- Required work -
Repeat the records below exactly, leaving out every picture.

*****

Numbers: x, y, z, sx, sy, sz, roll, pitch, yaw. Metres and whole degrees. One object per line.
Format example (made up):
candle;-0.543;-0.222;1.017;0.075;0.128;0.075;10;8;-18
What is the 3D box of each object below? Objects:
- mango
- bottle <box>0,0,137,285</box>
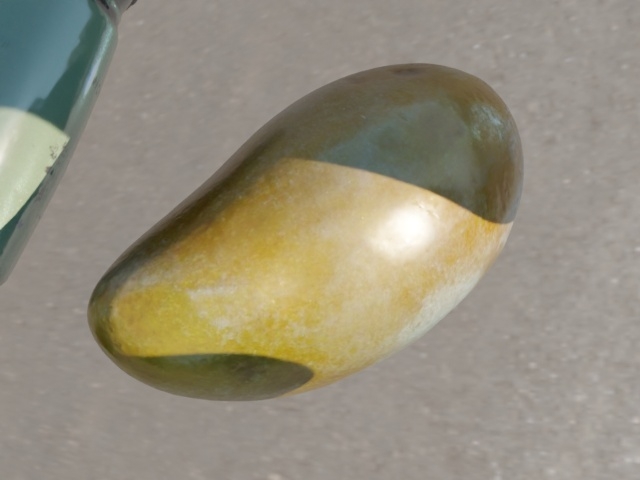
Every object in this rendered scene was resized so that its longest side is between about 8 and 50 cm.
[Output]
mango;0.000;0.000;1.230;0.384;0.221;0.199;-28;83;-33
bottle;-0.241;-0.139;1.281;0.168;0.168;0.347;32;72;-19
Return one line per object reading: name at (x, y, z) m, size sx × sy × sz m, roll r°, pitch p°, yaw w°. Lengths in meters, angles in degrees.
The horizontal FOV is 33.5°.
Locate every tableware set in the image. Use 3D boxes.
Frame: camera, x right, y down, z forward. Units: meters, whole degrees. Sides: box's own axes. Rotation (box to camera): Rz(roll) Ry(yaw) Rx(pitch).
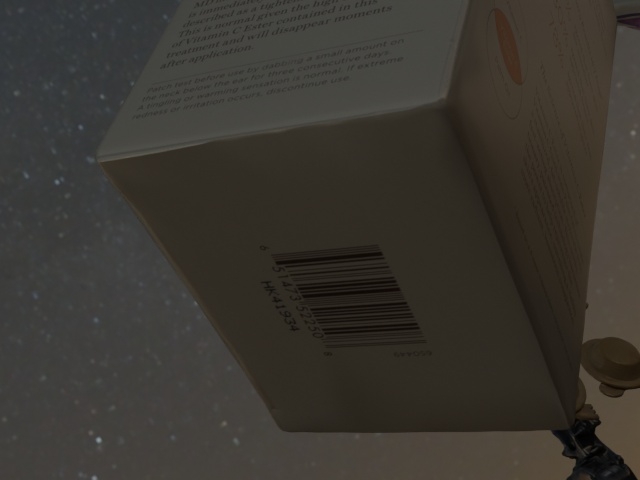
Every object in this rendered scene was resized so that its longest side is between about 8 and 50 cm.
tableware set at (0.168, 0.075, 0.807) m, size 0.141 × 0.168 × 0.020 m, roll -11°, pitch -50°, yaw -28°

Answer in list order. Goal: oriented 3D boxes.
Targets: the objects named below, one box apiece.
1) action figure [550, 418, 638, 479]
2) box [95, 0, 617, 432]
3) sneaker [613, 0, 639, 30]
action figure at (0.289, 0.290, 0.973) m, size 0.179 × 0.341 × 0.330 m, roll -24°, pitch -29°, yaw -28°
box at (0.053, -0.094, 0.597) m, size 0.168 × 0.345 × 0.215 m, roll -6°, pitch -47°, yaw 26°
sneaker at (0.414, -0.276, 1.298) m, size 0.161 × 0.282 × 0.102 m, roll 30°, pitch -86°, yaw -26°

*****

- Exercise response -
Numbers: x, y, z, sx, sy, sz, roll, pitch, yaw. Metres and whole degrees. One object per line.
Format example (made up):
candle;-0.543;-0.222;1.017;0.075;0.128;0.075;10;8;-18
What is the 3D box of each object below? Objects:
- mango
- bottle <box>0,0,137,285</box>
Every object in this rendered scene was resized so that its longest side is between about 8 and 50 cm.
[Output]
mango;0.000;0.000;1.230;0.384;0.221;0.199;-28;83;-33
bottle;-0.241;-0.139;1.281;0.168;0.168;0.347;32;72;-19
Return one line per object reading: name at (x, y, z) m, size sx × sy × sz m, roll r°, pitch p°, yaw w°. Lengths in meters, angles in degrees.
The horizontal FOV is 33.5°.
Locate every tableware set in the image. Use 3D boxes.
Frame: camera, x right, y down, z forward. Units: meters, whole degrees. Sides: box's own axes. Rotation (box to camera): Rz(roll) Ry(yaw) Rx(pitch).
Every object in this rendered scene was resized so that its longest side is between about 8 and 50 cm.
tableware set at (0.168, 0.075, 0.807) m, size 0.141 × 0.168 × 0.020 m, roll -11°, pitch -50°, yaw -28°

Answer in list order. Goal: oriented 3D boxes.
Targets: the objects named below, one box apiece.
1) action figure [550, 418, 638, 479]
2) box [95, 0, 617, 432]
3) sneaker [613, 0, 639, 30]
action figure at (0.289, 0.290, 0.973) m, size 0.179 × 0.341 × 0.330 m, roll -24°, pitch -29°, yaw -28°
box at (0.053, -0.094, 0.597) m, size 0.168 × 0.345 × 0.215 m, roll -6°, pitch -47°, yaw 26°
sneaker at (0.414, -0.276, 1.298) m, size 0.161 × 0.282 × 0.102 m, roll 30°, pitch -86°, yaw -26°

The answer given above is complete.